Consider, for example, threat victims who seek restraining orders to protect themselves from their harassers. See, e.g., United States v. Elonis, 841 F. 3d 589, 593 (CA3 2016) (defendant's wife sought a restraining order after he wrote on Facebook, "I'm not going to rest until your body is a mess, soaked in blood and dying from all the little cuts"). Civil orders can also keep individuals away from particular geographic areas. Imagine someone who threatens to bomb an airport, State v. Johnston, 156 Wash. 2d 355, 358-359, 127 P. 3d 707, 708-709 (2006), or "shoot up [a] courthous[e]," State v. Draskovich, 2017 S. D. 76, ¶3, 904 N. W. 2d 759, 761. The speaker might well end up barred from the location in question--for good reason. Yet after today, such orders cannot be obtained without proof--not necessarily easy to secure--that the person who issued the threat anticipated that it would elicit fear. See Tr. of Oral Arg. 92-93.

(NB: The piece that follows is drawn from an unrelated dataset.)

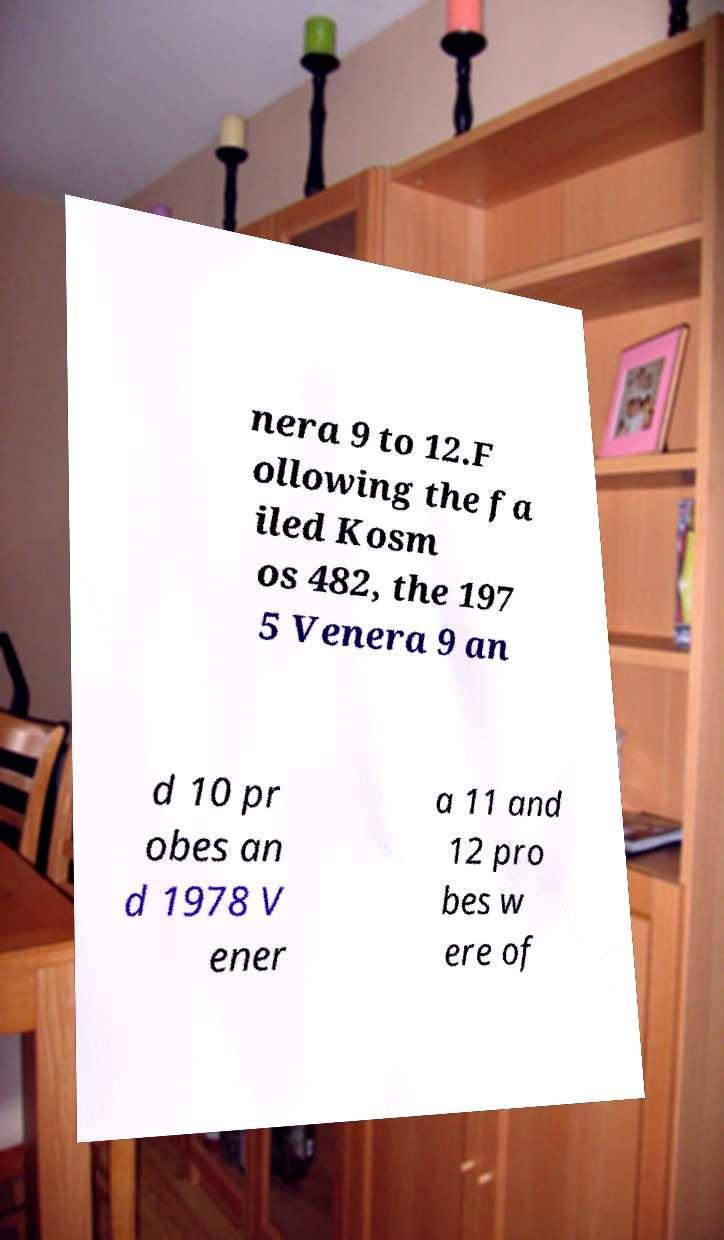Can you accurately transcribe the text from the provided image for me? nera 9 to 12.F ollowing the fa iled Kosm os 482, the 197 5 Venera 9 an d 10 pr obes an d 1978 V ener a 11 and 12 pro bes w ere of

The government can also opt to counteract true threats by means of civil enforcement actions. For instance, 18 U. S. C. §248 prohibits "threat[s] of force" against any person "obtaining or providing reproductive health services" or "seeking to exercise the First Amendment right of religious freedom at a place of religious worship." The statute imposes a range of civil penalties, and it allows enforcement suits by both private persons and government officials. See, e.g., United States v. Dillard, 795 F. 3d 1191, 1196-1197 (CA10 2015) (Government brought §248 action after defendant warned a health provider, "[y]ou will be checking under your car everyday--because maybe today is the day someone places an explosive under it"); McCullen v. Coakley,
In addition, employers and school administrators often discipline individuals who make true threats. Consider the student who was expelled after "draft[ing] two violent, misogynic, and obscenity-laden rants expressing a desire to molest, rape, and murder" his ex-girlfriend. Doe v. Pulaski Cty. Special School Dist., 306 F. 3d 616, 619 (CA8 2002) (en banc). Or the one who was suspended after " 'talking about taking a gun to school' to 'shoot everyone he hates.' " D. J. M. v. Hannibal Public School Dist. No. 60, 647 F. 3d 754, 758 (CA8 2011); Lovell v. Poway Unified School District, 90 F. 3d 367, 369, 372-373 (CA9 1996) (similar); Haughwout v. Tordenti, 332 Conn. 559, 561-562, 211 A. 3d 1, 3-4 (2019) (similar). True threats can also be expressed by a parent, a teacher, or an employee in another context altogether. See, e.g., Taveras, 342 Conn., at 567-569, 578, 271 A. 3d, at 126-128, 133 (parent); Smith v. New York City Dept. of Ed., 109 App. Div. 3d 701, 702-703, 972 N. Y. S. 2d 221, 222 (2013) (teacher); Diggs v. St. Louis, 613 S. W. 3d 858, 862, 864 (Mo. App. 2020) (correctional officer).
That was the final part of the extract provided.